**What to work on**:
Provide again, from the entries below, every line from the one containing "4. car (878, 866, 924, 893)" through the one containing "1) pedestrian from (1557, 552) to (1635, 695)", exactly as written, and no other line.

**Dataset**:

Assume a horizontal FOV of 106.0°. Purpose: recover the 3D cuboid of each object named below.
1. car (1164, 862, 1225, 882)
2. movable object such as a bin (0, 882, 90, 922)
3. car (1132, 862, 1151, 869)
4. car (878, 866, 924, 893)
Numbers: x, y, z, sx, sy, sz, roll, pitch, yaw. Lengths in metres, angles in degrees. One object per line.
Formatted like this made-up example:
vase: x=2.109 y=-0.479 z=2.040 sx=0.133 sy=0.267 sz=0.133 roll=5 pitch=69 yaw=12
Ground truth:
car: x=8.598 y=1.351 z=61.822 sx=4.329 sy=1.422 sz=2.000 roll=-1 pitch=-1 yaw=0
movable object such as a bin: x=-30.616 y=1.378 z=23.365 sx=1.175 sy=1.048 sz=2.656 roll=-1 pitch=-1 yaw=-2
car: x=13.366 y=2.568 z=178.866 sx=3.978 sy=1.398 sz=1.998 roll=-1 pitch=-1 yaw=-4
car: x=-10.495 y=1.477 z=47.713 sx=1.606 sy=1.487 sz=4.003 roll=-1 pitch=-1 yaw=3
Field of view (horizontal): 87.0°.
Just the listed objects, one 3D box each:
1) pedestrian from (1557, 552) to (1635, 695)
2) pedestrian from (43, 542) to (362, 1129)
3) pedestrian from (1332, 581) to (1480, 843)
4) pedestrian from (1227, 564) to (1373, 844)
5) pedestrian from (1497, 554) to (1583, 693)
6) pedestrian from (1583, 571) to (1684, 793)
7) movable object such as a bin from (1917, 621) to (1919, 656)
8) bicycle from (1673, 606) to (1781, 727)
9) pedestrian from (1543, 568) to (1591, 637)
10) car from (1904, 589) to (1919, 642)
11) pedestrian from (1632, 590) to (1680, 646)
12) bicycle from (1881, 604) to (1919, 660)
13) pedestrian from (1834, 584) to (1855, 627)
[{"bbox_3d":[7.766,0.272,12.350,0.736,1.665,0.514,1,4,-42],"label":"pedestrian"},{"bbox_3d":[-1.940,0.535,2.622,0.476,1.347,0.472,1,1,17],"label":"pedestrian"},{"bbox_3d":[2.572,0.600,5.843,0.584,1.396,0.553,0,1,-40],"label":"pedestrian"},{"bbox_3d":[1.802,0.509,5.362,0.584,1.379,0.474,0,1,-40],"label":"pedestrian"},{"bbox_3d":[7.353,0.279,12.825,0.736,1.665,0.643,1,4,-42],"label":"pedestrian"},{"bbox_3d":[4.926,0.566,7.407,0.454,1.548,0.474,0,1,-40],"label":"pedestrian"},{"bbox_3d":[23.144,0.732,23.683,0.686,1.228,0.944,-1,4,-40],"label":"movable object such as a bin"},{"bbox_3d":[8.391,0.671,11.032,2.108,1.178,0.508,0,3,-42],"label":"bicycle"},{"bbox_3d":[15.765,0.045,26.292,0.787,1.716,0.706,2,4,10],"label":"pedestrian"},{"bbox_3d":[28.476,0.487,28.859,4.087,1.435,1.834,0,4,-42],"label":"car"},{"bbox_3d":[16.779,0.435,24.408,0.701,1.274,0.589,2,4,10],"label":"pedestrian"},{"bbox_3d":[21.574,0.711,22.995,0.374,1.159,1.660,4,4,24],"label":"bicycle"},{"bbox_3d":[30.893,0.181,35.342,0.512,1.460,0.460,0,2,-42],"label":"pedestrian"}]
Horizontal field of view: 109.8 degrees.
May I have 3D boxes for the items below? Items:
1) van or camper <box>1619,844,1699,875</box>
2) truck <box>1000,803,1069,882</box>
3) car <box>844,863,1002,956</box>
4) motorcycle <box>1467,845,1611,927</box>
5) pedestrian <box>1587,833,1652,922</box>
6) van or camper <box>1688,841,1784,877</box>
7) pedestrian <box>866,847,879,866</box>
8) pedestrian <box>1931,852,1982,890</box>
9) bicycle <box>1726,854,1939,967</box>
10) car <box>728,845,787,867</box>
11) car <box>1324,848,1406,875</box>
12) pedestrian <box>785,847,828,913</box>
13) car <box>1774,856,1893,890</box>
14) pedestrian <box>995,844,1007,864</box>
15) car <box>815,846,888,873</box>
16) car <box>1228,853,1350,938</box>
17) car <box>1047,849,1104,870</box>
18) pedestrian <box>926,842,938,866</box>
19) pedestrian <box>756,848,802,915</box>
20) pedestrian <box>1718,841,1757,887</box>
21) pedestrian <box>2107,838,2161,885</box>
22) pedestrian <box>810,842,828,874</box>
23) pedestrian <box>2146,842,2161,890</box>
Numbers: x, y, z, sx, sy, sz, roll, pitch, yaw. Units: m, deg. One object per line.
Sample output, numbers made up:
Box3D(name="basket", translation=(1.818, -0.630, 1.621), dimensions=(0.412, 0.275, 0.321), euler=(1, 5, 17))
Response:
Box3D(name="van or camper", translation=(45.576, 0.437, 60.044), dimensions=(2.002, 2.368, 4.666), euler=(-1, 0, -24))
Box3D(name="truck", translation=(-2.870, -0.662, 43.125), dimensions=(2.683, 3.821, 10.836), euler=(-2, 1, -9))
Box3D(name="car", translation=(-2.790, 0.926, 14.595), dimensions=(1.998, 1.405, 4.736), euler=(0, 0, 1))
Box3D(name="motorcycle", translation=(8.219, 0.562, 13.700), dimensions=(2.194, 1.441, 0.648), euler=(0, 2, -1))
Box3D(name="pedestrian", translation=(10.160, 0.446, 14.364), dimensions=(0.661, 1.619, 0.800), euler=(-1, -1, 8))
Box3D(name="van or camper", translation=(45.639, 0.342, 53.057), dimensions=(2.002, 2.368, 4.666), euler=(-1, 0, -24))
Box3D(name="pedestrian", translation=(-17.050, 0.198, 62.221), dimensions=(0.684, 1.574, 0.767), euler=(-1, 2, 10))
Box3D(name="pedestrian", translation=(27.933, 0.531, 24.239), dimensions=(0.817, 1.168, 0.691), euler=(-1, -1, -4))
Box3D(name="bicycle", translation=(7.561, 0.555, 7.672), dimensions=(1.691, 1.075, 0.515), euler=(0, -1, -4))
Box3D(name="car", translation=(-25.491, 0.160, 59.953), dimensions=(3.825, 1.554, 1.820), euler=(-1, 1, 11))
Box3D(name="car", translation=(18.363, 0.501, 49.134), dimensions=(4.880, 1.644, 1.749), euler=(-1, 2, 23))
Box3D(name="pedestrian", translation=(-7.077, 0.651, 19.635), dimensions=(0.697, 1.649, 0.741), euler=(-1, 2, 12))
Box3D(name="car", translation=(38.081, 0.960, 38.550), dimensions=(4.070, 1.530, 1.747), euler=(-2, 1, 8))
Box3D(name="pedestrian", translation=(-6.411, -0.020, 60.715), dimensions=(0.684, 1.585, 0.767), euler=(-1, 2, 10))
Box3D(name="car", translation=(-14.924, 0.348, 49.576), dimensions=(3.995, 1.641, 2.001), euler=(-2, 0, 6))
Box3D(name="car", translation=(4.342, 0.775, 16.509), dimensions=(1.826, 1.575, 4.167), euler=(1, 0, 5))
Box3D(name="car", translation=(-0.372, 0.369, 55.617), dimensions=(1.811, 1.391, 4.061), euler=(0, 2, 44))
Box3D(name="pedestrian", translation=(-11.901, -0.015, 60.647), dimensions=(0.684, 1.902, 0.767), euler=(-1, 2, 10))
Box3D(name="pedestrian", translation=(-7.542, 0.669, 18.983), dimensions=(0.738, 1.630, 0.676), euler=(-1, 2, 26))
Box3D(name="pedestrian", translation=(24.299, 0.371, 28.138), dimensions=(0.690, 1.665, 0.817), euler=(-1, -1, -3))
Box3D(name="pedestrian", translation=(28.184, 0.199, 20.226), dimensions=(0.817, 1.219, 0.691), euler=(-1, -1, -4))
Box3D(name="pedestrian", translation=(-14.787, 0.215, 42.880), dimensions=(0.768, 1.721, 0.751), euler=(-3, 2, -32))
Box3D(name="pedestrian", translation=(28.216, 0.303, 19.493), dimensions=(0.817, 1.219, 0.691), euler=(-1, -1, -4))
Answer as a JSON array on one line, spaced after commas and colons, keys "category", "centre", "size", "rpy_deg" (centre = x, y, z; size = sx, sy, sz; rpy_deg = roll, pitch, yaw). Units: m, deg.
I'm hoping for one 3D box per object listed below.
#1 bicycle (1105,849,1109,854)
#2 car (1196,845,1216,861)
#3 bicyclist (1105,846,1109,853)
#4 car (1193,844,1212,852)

**The completed task**:
4. car (878, 866, 924, 893)
Numbers: x, y, z, sx, sy, sz, roll, pitch, yaw. Lengths in metres, angles in degrees. One object per line.
Formatted like this made-up example:
vase: x=2.109 y=-0.479 z=2.040 sx=0.133 sy=0.267 sz=0.133 roll=5 pitch=69 yaw=12
Ground truth:
car: x=8.598 y=1.351 z=61.822 sx=4.329 sy=1.422 sz=2.000 roll=-1 pitch=-1 yaw=0
movable object such as a bin: x=-30.616 y=1.378 z=23.365 sx=1.175 sy=1.048 sz=2.656 roll=-1 pitch=-1 yaw=-2
car: x=13.366 y=2.568 z=178.866 sx=3.978 sy=1.398 sz=1.998 roll=-1 pitch=-1 yaw=-4
car: x=-10.495 y=1.477 z=47.713 sx=1.606 sy=1.487 sz=4.003 roll=-1 pitch=-1 yaw=3
Field of view (horizontal): 87.0°.
Just the listed objects, one 3D box each:
1) pedestrian from (1557, 552) to (1635, 695)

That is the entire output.